Chinese Chow Mein in Take Out Container
Chinese chow mein in takeout container. Photo: Lauri Patterson/iStock

Sure, there was the Madoff pyramid scheme. There was the whole subprime loan mess. There was the Galleon insider-trading scandal. But finally, Fast Company blows the takeout lid off the most widespread Wall Street conspiracy of them all: the giant misuse of firms’ Seamless Web accounts:

Typically, junior professionals are allotted about $25 per meal at the office. But there are tricks to leverage this cash on Seamless.
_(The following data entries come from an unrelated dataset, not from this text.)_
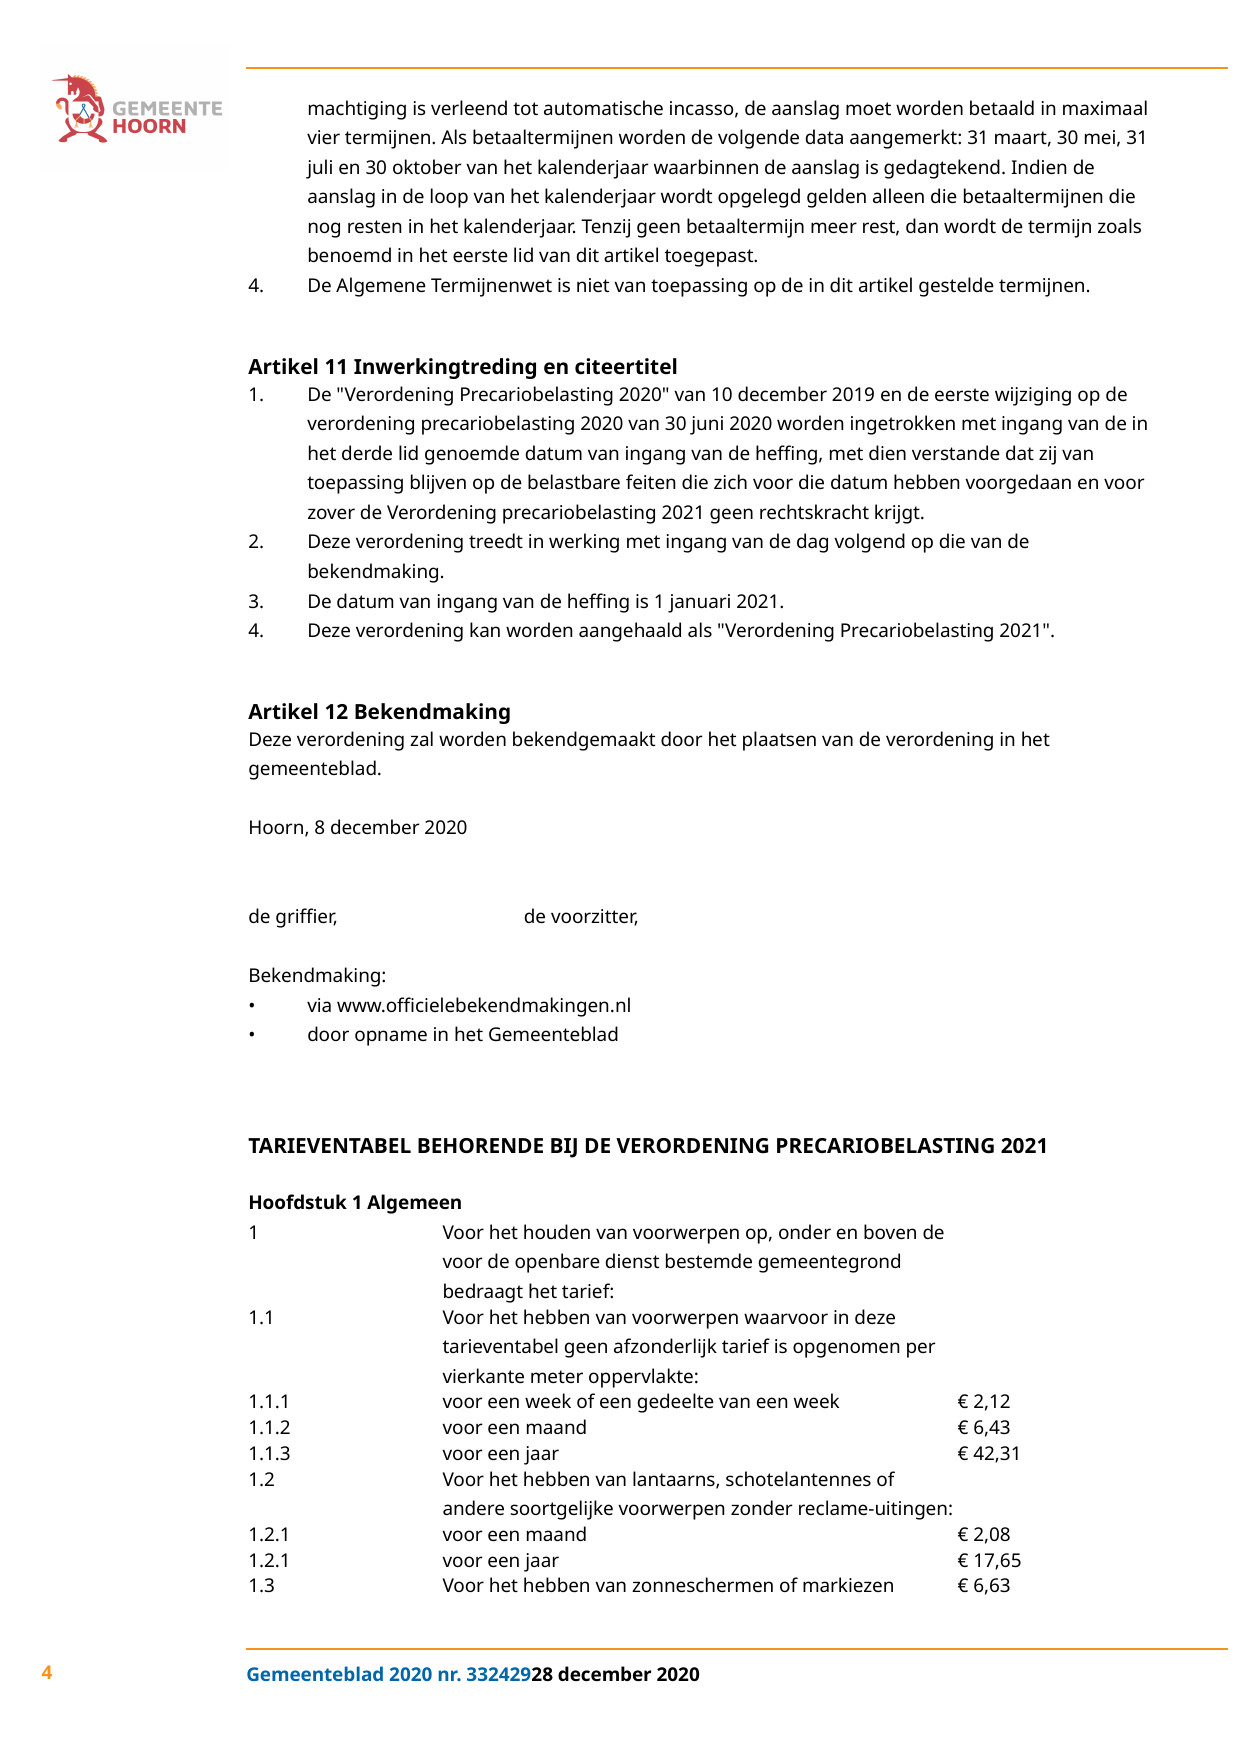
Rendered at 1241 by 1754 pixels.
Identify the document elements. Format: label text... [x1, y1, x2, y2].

table_header [958, 1219, 1152, 1304]
table_cell 1.1.2 [248, 1415, 442, 1440]
table_cell voor een jaar [442, 1547, 957, 1573]
list Deze verordening kan worden aangehaald als "Verordening Precariobelasting 2021". [248, 617, 1152, 643]
table_cell 1.1.1 [248, 1389, 442, 1414]
table_cell Voor het hebben van zonneschermen of markiezen [442, 1573, 957, 1598]
text Artikel 12 Bekendmaking [248, 697, 1152, 726]
table_cell € 17,65 [958, 1547, 1152, 1573]
table_cell 1.2 [248, 1466, 442, 1521]
table_cell voor een week of een gedeelte van een week [442, 1389, 957, 1414]
list machtiging is verleend tot automatische incasso, de aanslag moet worden betaald in maximaal vier termijnen. Als betaaltermijnen worden de volgende data aangemerkt: 31 maart, 30 mei, 31 juli en 30 oktober van het kalenderjaar waarbinnen de aanslag is gedagtekend. Indien de aanslag in de loop van het kalenderjaar wordt opgelegd gelden alleen die betaaltermijnen die nog resten in het kalenderjaar. Tenzij geen betaaltermijn meer rest, dan wordt de termijn zoals benoemd in het eerste lid van dit artikel toegepast. [248, 95, 1152, 268]
text Deze verordening zal worden bekendgemaakt door het plaatsen van de verordening in het gemeenteblad. [248, 726, 1152, 781]
table_cell € 6,43 [958, 1415, 1152, 1440]
table_cell voor een jaar [442, 1440, 957, 1466]
text Hoorn, 8 december 2020 [248, 814, 1152, 840]
table_header 1 [248, 1219, 442, 1304]
table_cell 1.2.1 [248, 1521, 442, 1547]
table_cell € 6,63 [958, 1573, 1152, 1598]
table_header Voor het houden van voorwerpen op, onder en boven de voor de openbare dienst bestemde gemeentegrond bedraagt het tarief: [442, 1219, 957, 1304]
table_cell [958, 1466, 1152, 1521]
table_cell 1.1.3 [248, 1440, 442, 1466]
picture [41, 47, 231, 172]
list Deze verordening treedt in werking met ingang van de dag volgend op die van de bekendmaking. [248, 529, 1152, 584]
text Bekendmaking: [248, 962, 1152, 988]
table_cell voor een maand [442, 1415, 957, 1440]
text Hoofdstuk 1 Algemeen [248, 1189, 1152, 1215]
table_cell [958, 1304, 1152, 1389]
table_cell Voor het hebben van lantaarns, schotelantennes of andere soortgelijke voorwerpen zonder reclame-uitingen: [442, 1466, 957, 1521]
list door opname in het Gemeenteblad [248, 1022, 1152, 1047]
list De Algemene Termijnenwet is niet van toepassing op de in dit artikel gestelde termijnen. [248, 272, 1152, 298]
table_cell Voor het hebben van voorwerpen waarvoor in deze tarieventabel geen afzonderlijk tarief is opgenomen per vierkante meter oppervlakte: [442, 1304, 957, 1389]
list via www.officielebekendmakingen.nl [248, 992, 1152, 1018]
text Artikel 11 Inwerkingtreding en citeertitel [248, 352, 1152, 381]
table_cell 1.3 [248, 1573, 442, 1598]
table_cell voor een maand [442, 1521, 957, 1547]
list De datum van ingang van de heffing is 1 januari 2021. [248, 588, 1152, 613]
table_cell € 2,08 [958, 1521, 1152, 1547]
table_cell 1.1 [248, 1304, 442, 1389]
table_cell € 42,31 [958, 1440, 1152, 1466]
table_cell 1.2.1 [248, 1547, 442, 1573]
list De "Verordening Precariobelasting 2020" van 10 december 2019 en de eerste wijziging op de verordening precariobelasting 2020 van 30 juni 2020 worden ingetrokken met ingang van de in het derde lid genoemde datum van ingang van de heffing, met dien verstande dat zij van toepassing blijven op de belastbare feiten die zich voor die datum hebben voorgedaan en voor zover de Verordening precariobelasting 2021 geen rechtskracht krijgt. [248, 381, 1152, 525]
text TARIEVENTABEL BEHORENDE BIJ DE VERORDENING PRECARIOBELASTING 2021 [248, 1131, 1152, 1160]
table_cell € 2,12 [958, 1389, 1152, 1414]
text de griffier, de voorzitter, [248, 903, 1152, 929]

If employees want to order dinner, for example, they have to stay until 8 p.m. “But you could still order for a 7 p.m. delivery at 6 p.m., then call the restaurant directly and tell them to bring it right away,” one employee says. “So I’d finish work around 6:30 p.m., hit the company gym, and then grab my sushi — spicy tuna rolls — on the way out.”

Ordering groceries on Seamless was — and likely still is — another practice. (Representatives at Goldman Sachs and Morgan Stanley have not responded to requests for comment.) One employee, who lived by Morgan Stanley’s Midtown offices, would even remote into her office computer from her apartment, place an order on Seamless, and then call the restaurant and change the delivery address to her apartment. The lobster-loving Morgan Stanley banker’s take on that old switcheroo? “Classic.”

Another “classic” move: Calling up to switch a soda order to beer. But it’s not just about the money, as one anonymous source explains to Fast Company. It’s about love of the game. “There’s nothing grosser or more magnificent than eating $25 of delivered Taco Bell under the fluorescent, sober lights of an office building. Do you have any idea how much baja sauce you can get for that money?”